Today EMC Greenplum (I guess that is the “official” name since the acquisition) launched their new product offering and as part of that announcement they published some performance numbers around data loading rates. Let’s examine what’s behind this loading rate number.
Benchmarks and benchmark results are often criticized (and sometimes rightfully so) because they often are (over) engineered to prove a point and may include optimizations or techniques that would be uncommon in day to day operations. I think most everyone knows and agrees with that. In the interest of providing benchmark numbers that are not over engineered, Greenplum states the following :
Greenplum and the EMC Data Computing Products Division are now producing real world benchmarks. No more obscure tests against formula-one tuning. Instead we would like to present the beginning of what we are calling real-world benchmarks. These benchmarks are designed to reflect the true customer experience and conform to the following guiding principles:
- Test on the system as it leaves the factory, not the laboratory.
- Create data types and schemas that match real-world use cases.
- Consider options beyond raw bulk loading.
I think that list of good intentions is commendable, especially since I fondly remember EMC data sheets that had IOPS rates that were 100% from the array cache.
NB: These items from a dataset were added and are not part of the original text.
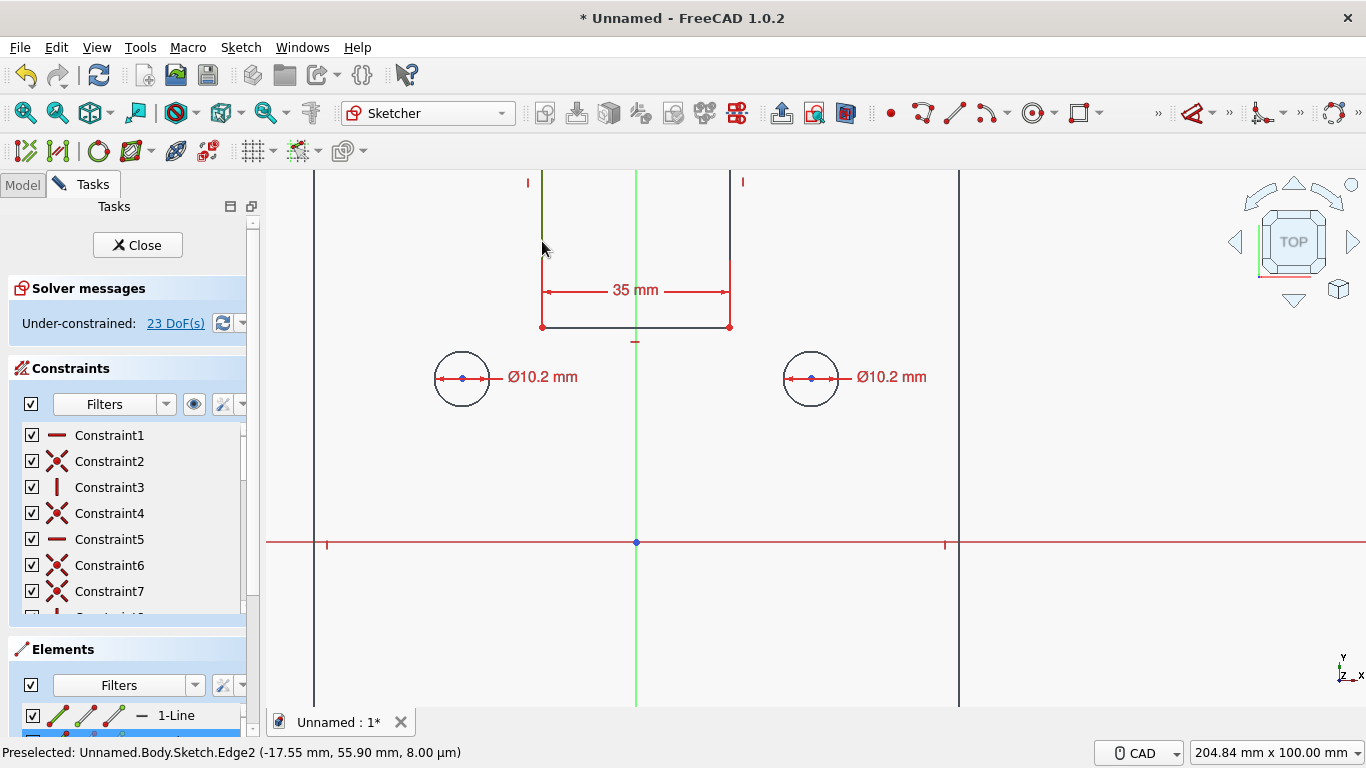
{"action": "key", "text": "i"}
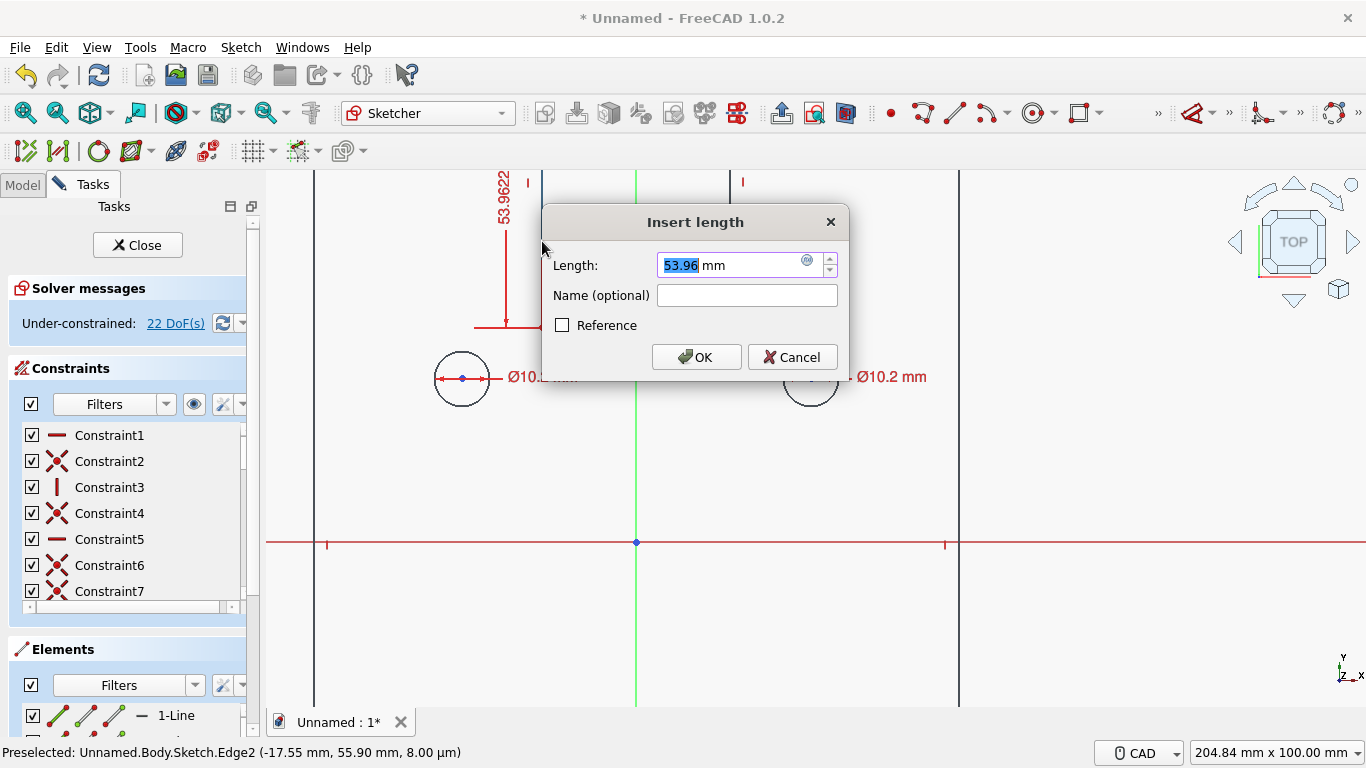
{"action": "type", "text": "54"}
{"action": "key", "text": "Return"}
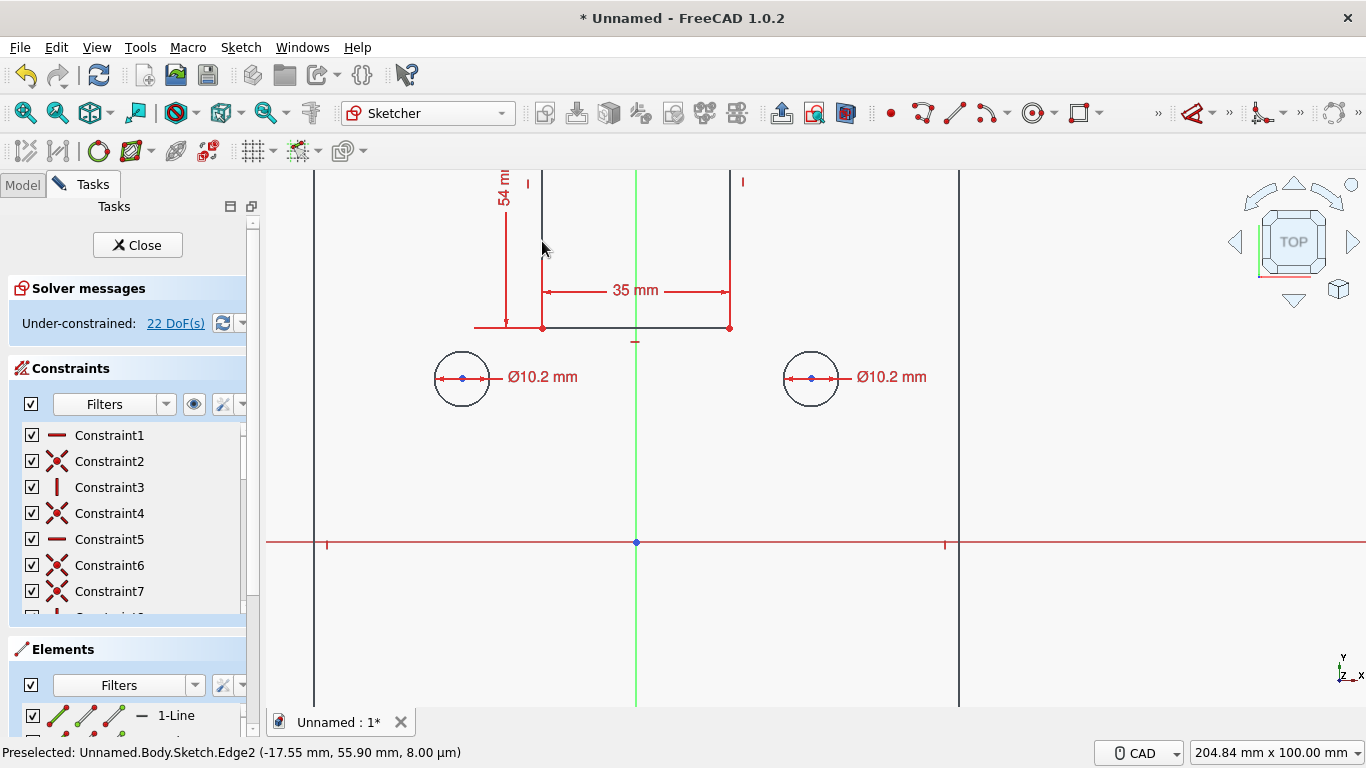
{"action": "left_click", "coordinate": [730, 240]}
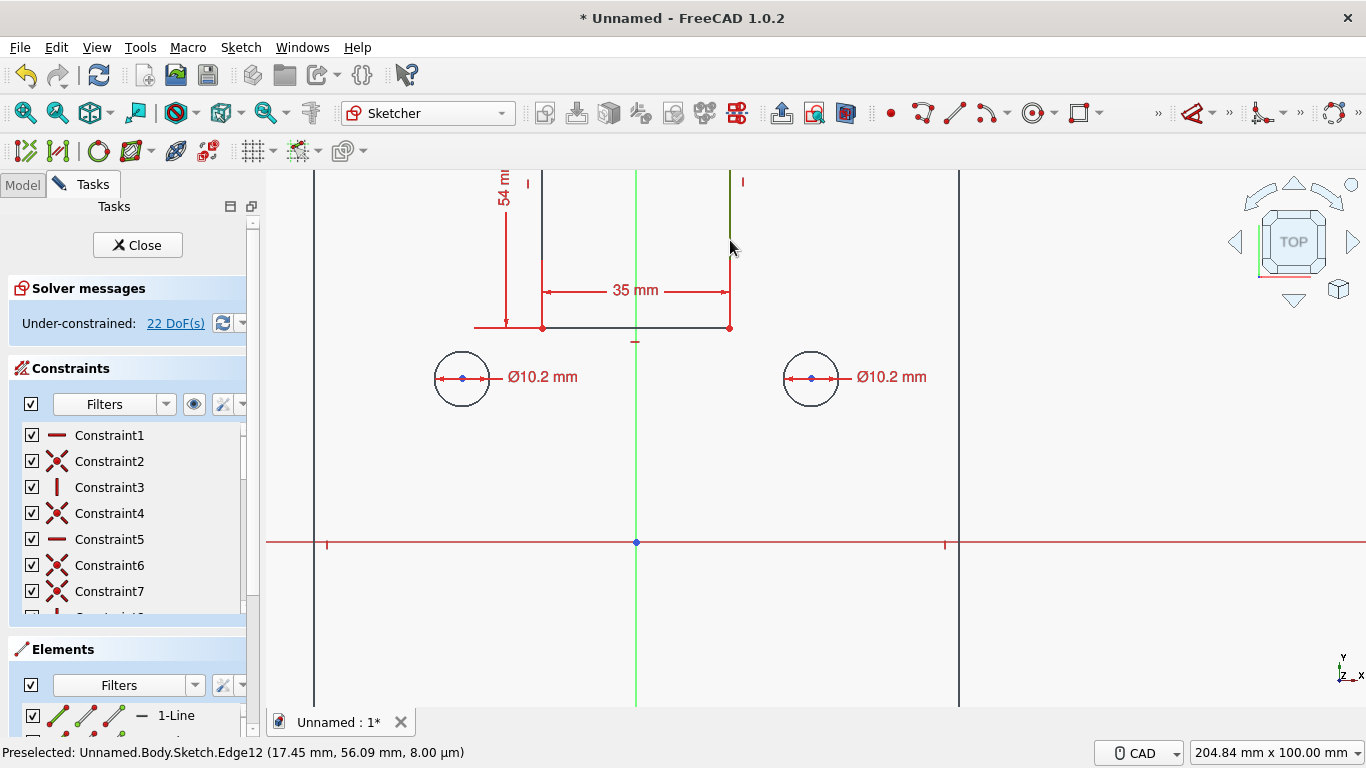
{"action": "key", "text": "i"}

Hopefully those days are behind them.
The Data Loading Rate Claim
As part of Greenplum’s data loading rate claims, there are two papers written up by Massive Data News that contain some details about these data loading benchmarks, one for Internet and Media , and one for Retail . Below is the pertinent information.
Option (Internet and Media)
|Segment servers||16 (standard GP1000 configuration)||16 (standard GP1000 configuration)|
|Table format||Quicklz columnar||Quicklz columnar|
|Mirrors||Yes (two copies of the data)||Yes (two copies of the data)|
|ETL hosts||20, 2 URLs each||20, 2 URLs each|
|Row width||616 bytes/row||666 bytes/row|
The only difference between these two tables is the number/types of columns and the row width.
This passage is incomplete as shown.